Gravity and Other Myths is an acrobatic contemporary circus troupe based in Adelaide, South Australia, founded in 2009.

Characteristics 
Gravity and Other Myths was formed by a group of students participating in the Australian Cirkidz program in 2009.

Unlike many circus acts, Gravity and Other Myths' artists do not hide the intense physical effort of their acts, instead highlighting the effort to comedic effect. During some acts there is a close contact with the audience which sits or stands around the stage, and the atmosphere between acts is informal.
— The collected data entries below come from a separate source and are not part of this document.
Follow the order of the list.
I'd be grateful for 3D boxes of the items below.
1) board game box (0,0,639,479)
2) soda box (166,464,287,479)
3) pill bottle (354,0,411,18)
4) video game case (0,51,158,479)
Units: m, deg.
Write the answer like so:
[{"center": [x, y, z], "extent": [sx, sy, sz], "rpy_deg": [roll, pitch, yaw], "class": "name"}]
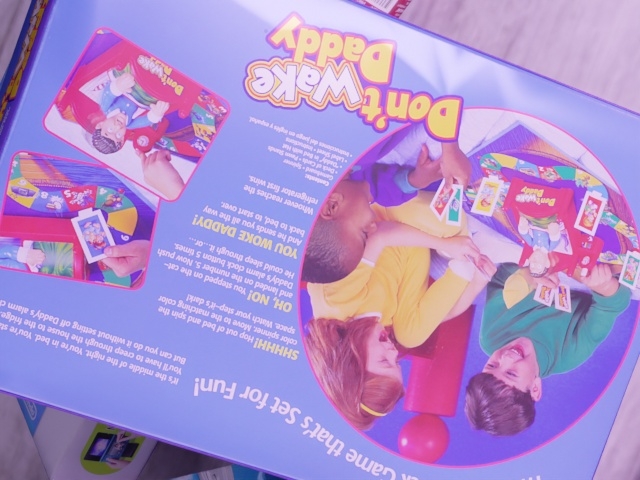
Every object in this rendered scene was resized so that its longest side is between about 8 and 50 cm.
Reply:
[{"center": [0.000, 0.000, 0.932], "extent": [0.233, 0.347, 0.078], "rpy_deg": [-70, 18, 2], "class": "board game box"}, {"center": [-0.095, 0.183, 1.111], "extent": [0.210, 0.071, 0.067], "rpy_deg": [-18, 71, 30], "class": "soda box"}, {"center": [-0.010, -0.129, 1.106], "extent": [0.152, 0.086, 0.086], "rpy_deg": [-52, 58, 15], "class": "pill bottle"}, {"center": [-0.129, -0.031, 1.111], "extent": [0.244, 0.061, 0.269], "rpy_deg": [-60, 40, 24], "class": "video game case"}]
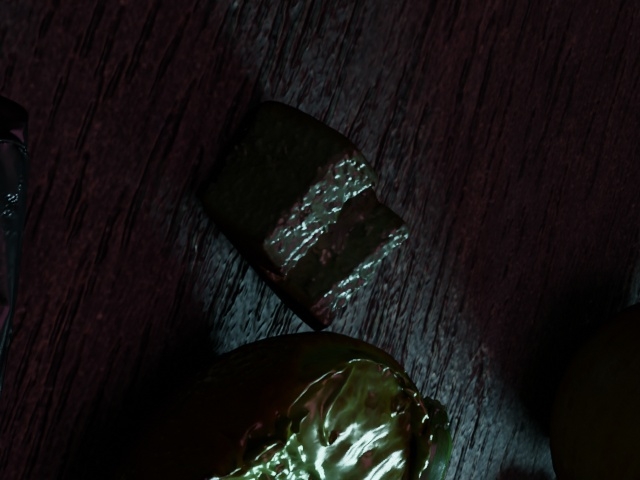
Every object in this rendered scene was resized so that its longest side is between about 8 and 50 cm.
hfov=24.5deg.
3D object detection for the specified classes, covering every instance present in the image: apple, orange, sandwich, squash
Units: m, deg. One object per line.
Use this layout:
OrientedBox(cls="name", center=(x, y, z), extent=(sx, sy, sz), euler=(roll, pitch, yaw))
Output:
OrientedBox(cls="apple", center=(0.473, 0.257, 1.783), extent=(0.400, 0.400, 0.333), euler=(-1, 116, -49))
OrientedBox(cls="orange", center=(-0.061, 0.231, 1.312), extent=(0.334, 0.196, 0.262), euler=(-51, 124, -25))
OrientedBox(cls="sandwich", center=(0.000, 0.000, 1.323), extent=(0.122, 0.128, 0.235), euler=(-48, 138, -10))
OrientedBox(cls="squash", center=(0.097, 0.275, 1.611), extent=(0.077, 0.068, 0.219), euler=(1, 108, -37))

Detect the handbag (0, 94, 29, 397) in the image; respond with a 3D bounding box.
OrientedBox(cls="handbag", center=(-0.315, 0.027, 1.011), extent=(0.244, 0.088, 0.275), euler=(-1, 110, -45))
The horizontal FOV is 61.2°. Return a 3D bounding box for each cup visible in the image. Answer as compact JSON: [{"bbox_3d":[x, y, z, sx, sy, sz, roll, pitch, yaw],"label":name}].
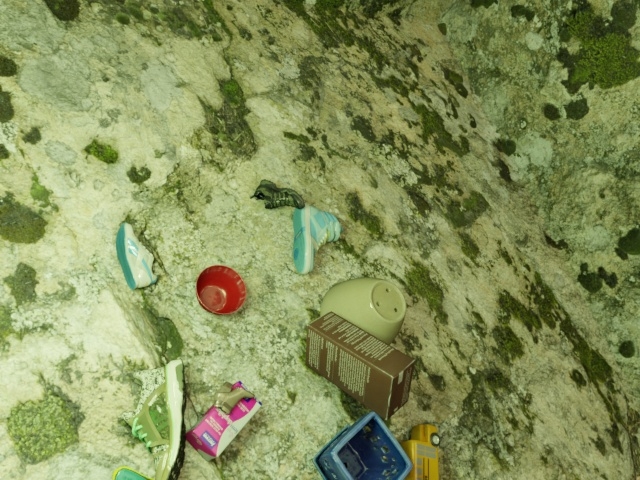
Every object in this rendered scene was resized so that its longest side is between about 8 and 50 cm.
[{"bbox_3d":[0.199,0.274,2.105,0.330,0.237,0.331,15,57,-25],"label":"cup"}]

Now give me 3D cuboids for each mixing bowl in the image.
[{"bbox_3d":[-0.361,0.187,1.888,0.181,0.098,0.182,15,57,-25],"label":"mixing bowl"}]

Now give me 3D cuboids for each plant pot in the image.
[{"bbox_3d":[0.124,0.746,1.812,0.235,0.212,0.236,-31,84,-39],"label":"plant pot"}]

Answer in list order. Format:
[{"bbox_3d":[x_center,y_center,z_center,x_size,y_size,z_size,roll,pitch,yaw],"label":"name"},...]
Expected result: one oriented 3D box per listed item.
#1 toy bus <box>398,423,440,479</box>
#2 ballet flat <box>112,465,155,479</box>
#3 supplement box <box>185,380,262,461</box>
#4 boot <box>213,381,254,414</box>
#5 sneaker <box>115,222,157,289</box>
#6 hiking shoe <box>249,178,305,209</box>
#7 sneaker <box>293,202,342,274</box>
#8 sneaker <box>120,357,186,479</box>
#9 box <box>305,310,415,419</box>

The performances include traditional circus skills such as acrobatics, juggling, and clowning, but combine these with elements of dance and theatre. 

The group has appeared at festivals and theatres in Australia, including the Adelaide Festival of the Arts, as well as touring to many countries. It rotates through a changing repertoire of shows.

The group has won several awards, including the Dance Award 2015 for Best Physical Theatre and the Green Room Award 2015 for Outstanding Contemporary Circus. 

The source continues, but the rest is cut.